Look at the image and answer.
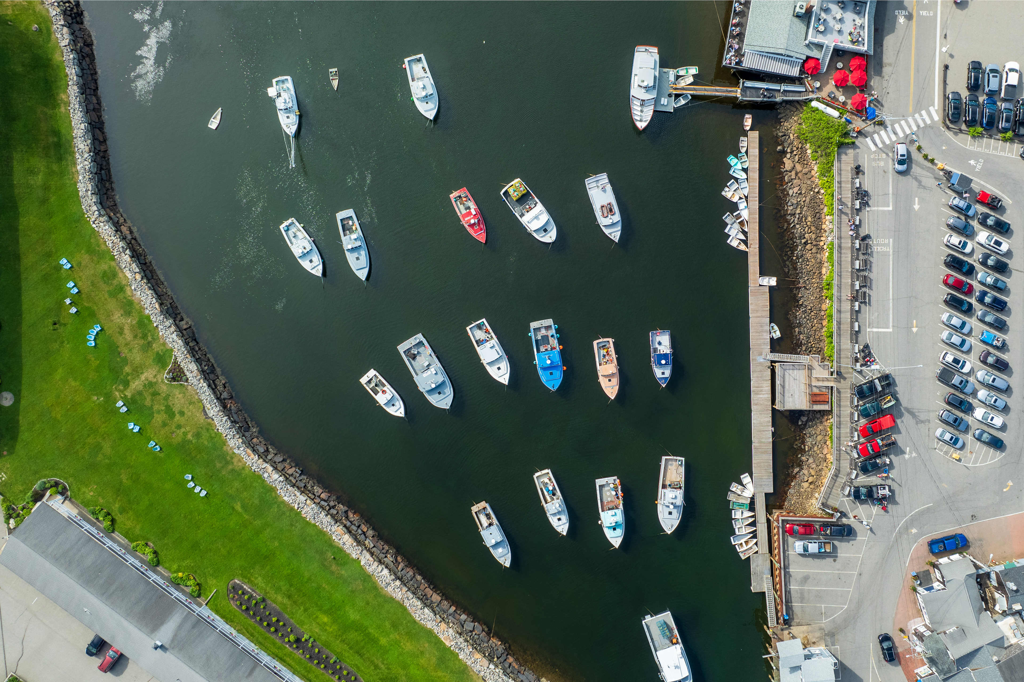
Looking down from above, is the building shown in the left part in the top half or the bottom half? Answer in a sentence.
It is in the bottom half that the building shown in the left part appears.
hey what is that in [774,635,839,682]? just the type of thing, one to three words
shed
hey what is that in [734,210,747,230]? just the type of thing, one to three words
boat
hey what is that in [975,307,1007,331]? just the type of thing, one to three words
car
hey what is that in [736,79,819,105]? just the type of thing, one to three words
pier
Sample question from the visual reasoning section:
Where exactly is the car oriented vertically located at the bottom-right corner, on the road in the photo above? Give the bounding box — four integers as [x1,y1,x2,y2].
[878,632,895,664]
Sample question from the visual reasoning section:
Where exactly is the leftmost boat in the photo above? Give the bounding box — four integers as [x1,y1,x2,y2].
[208,107,222,129]
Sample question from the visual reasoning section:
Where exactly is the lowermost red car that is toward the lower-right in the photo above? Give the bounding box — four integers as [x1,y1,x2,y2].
[785,523,815,537]
########################################
Exercise objective -
Repeat all of the records verbatim, leaving out the pictures.

Exercise solution -
Look at the image and answer.
Looking down from above, is the building shown in the left part in the top half or the bottom half? Answer in a sentence.
It is in the bottom half that the building shown in the left part appears.
hey what is that in [774,635,839,682]? just the type of thing, one to three words
shed
hey what is that in [734,210,747,230]? just the type of thing, one to three words
boat
hey what is that in [975,307,1007,331]? just the type of thing, one to three words
car
hey what is that in [736,79,819,105]? just the type of thing, one to three words
pier
Sample question from the visual reasoning section:
Where exactly is the car oriented vertically located at the bottom-right corner, on the road in the photo above? Give the bounding box — four integers as [x1,y1,x2,y2].
[878,632,895,664]
Sample question from the visual reasoning section:
Where exactly is the leftmost boat in the photo above? Give the bounding box — four integers as [x1,y1,x2,y2].
[208,107,222,129]
Sample question from the visual reasoning section:
Where exactly is the lowermost red car that is toward the lower-right in the photo above? Give the bounding box — four integers as [x1,y1,x2,y2].
[785,523,815,537]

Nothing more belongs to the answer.